▸ Work required
Your output should be the lines from the one containing "This screenshot has width=953, height=1232." through the last line below, both ends included, exactly as written and free of pictures.

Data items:
Content starts

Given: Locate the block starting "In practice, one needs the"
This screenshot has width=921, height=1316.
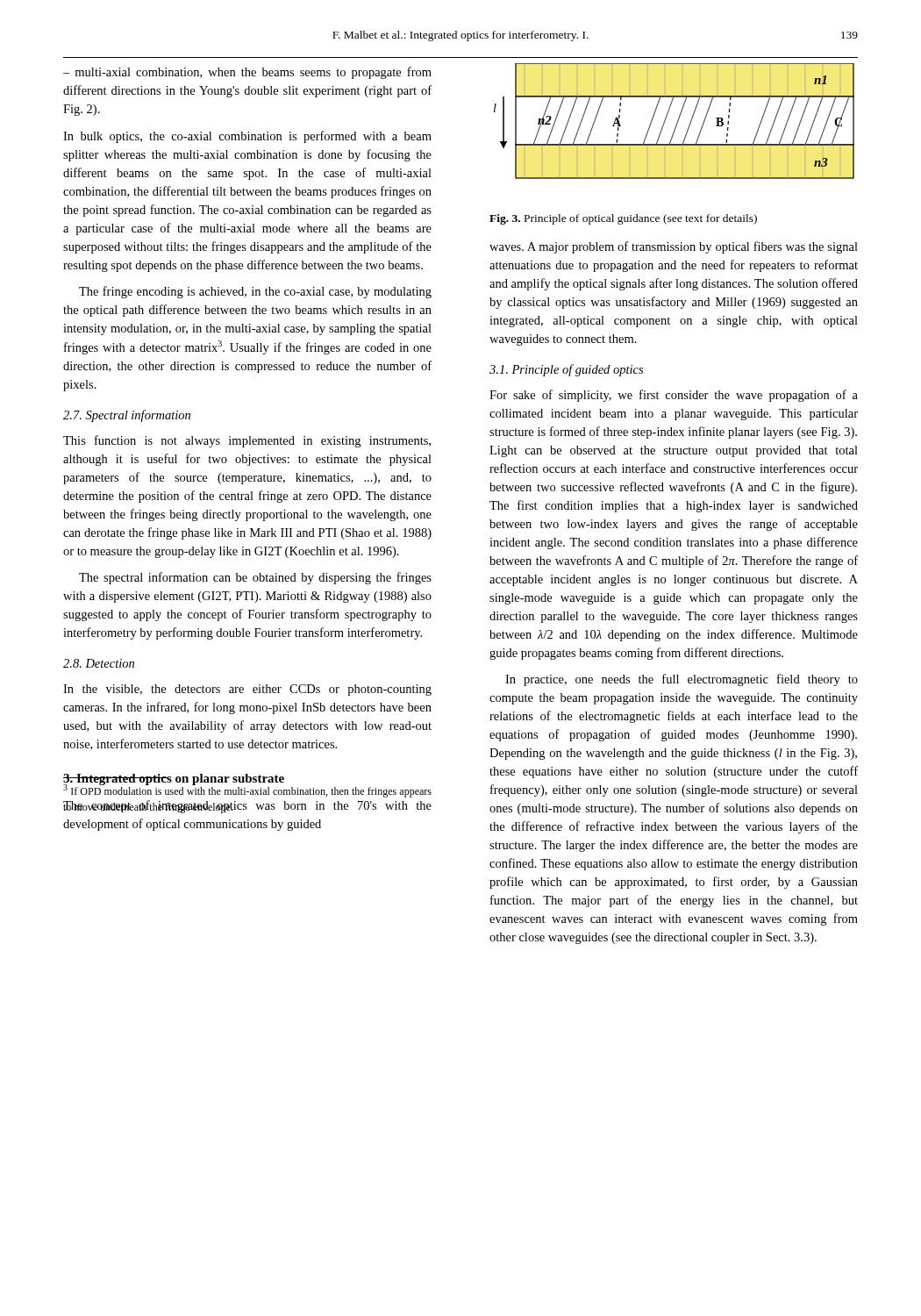Looking at the screenshot, I should pos(674,808).
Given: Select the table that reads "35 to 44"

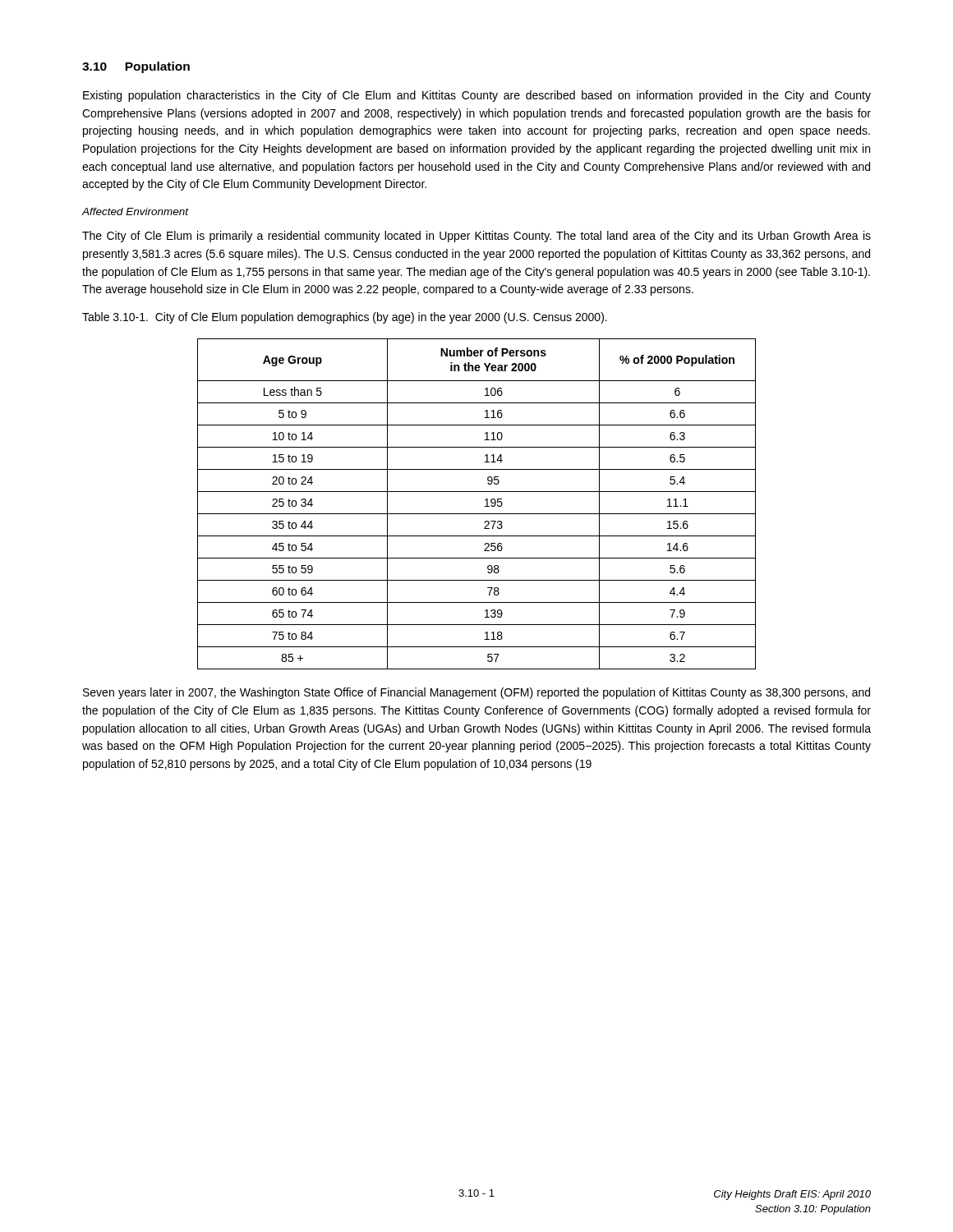Looking at the screenshot, I should tap(476, 504).
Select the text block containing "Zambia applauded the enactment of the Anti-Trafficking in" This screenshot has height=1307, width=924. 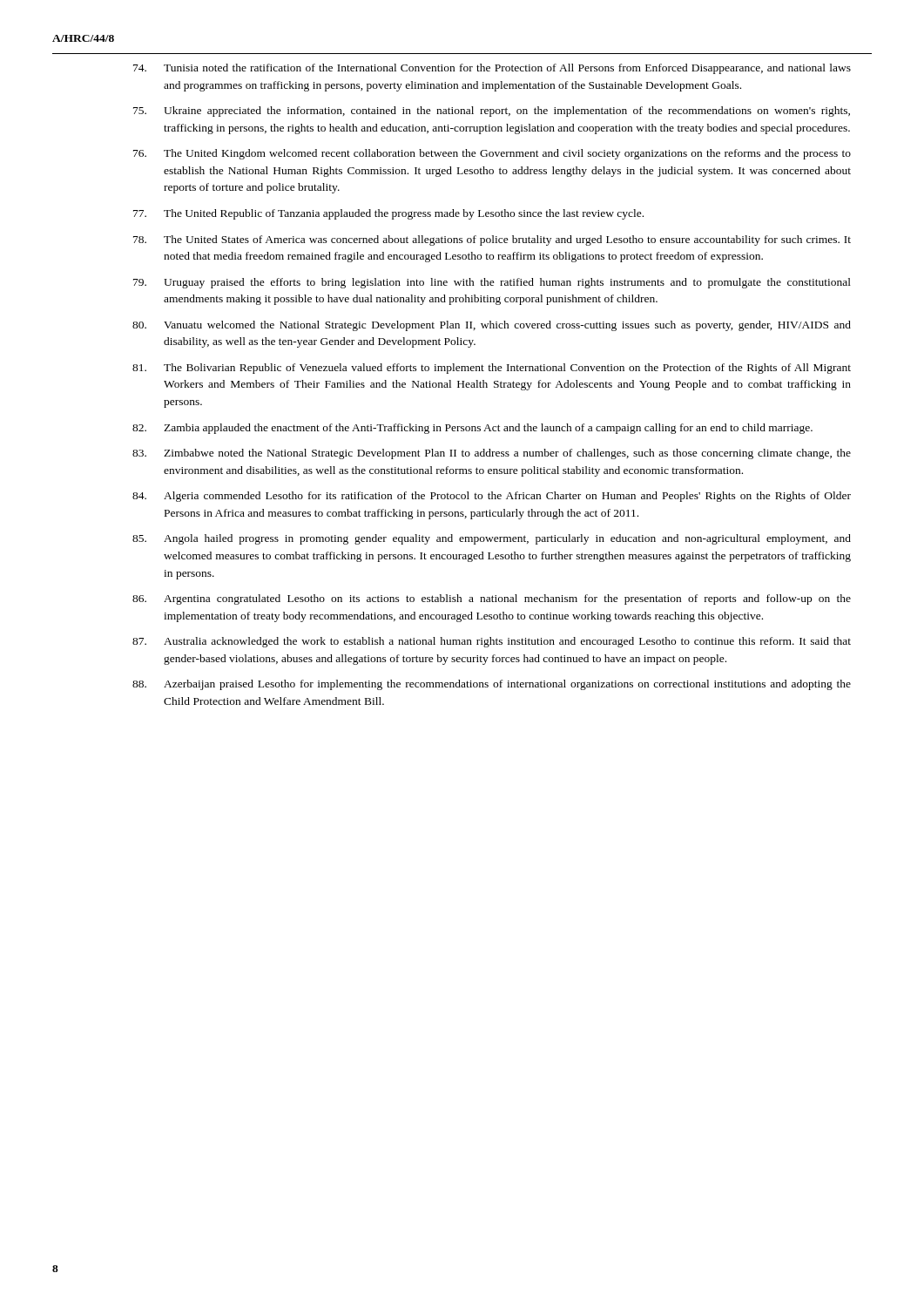(x=492, y=427)
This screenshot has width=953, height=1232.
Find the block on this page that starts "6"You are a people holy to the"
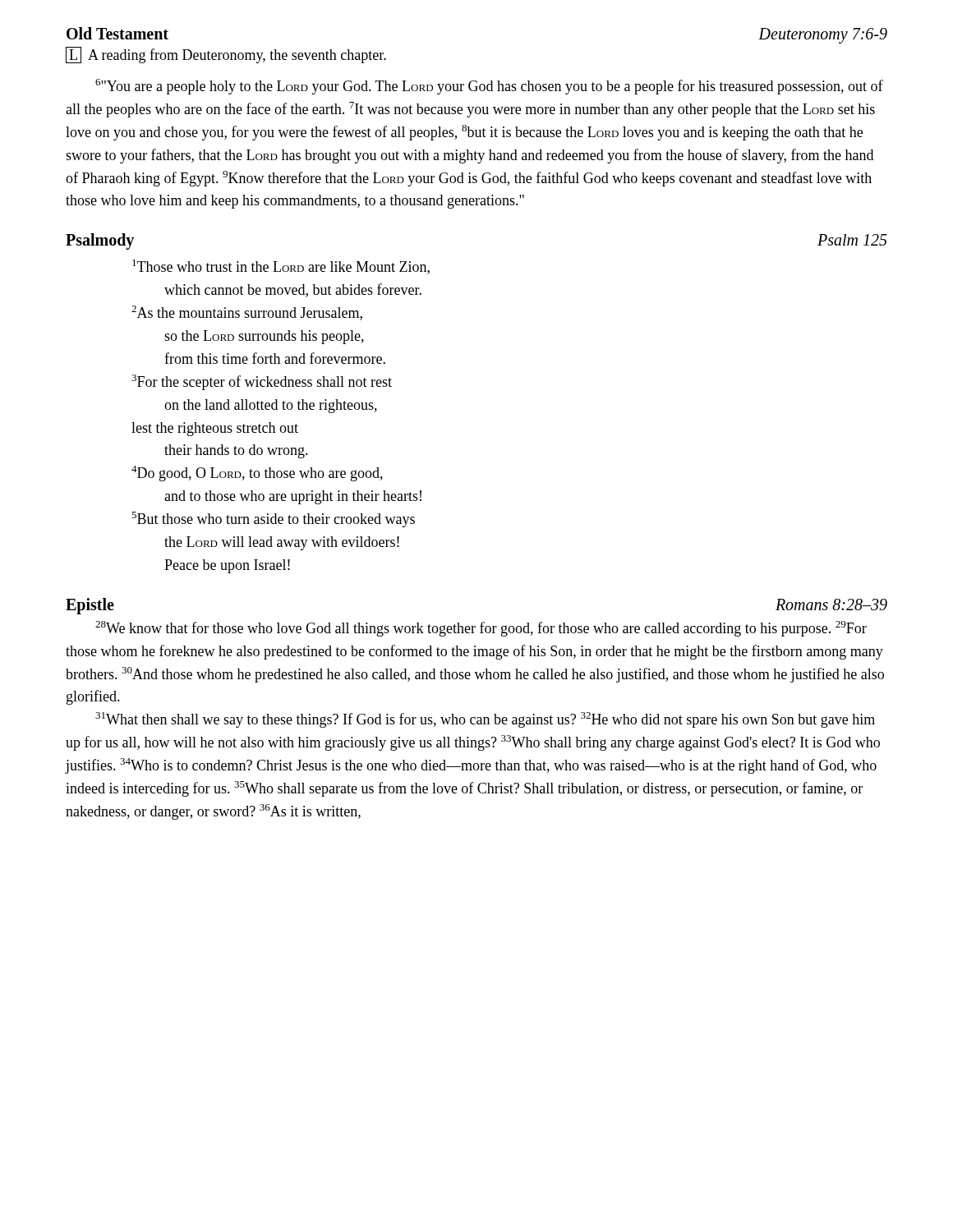(x=474, y=142)

Content ends

▸ Exercise output
This screenshot has width=953, height=1232.
Find the block on this page that starts "6"You are a people holy to the"
(x=474, y=142)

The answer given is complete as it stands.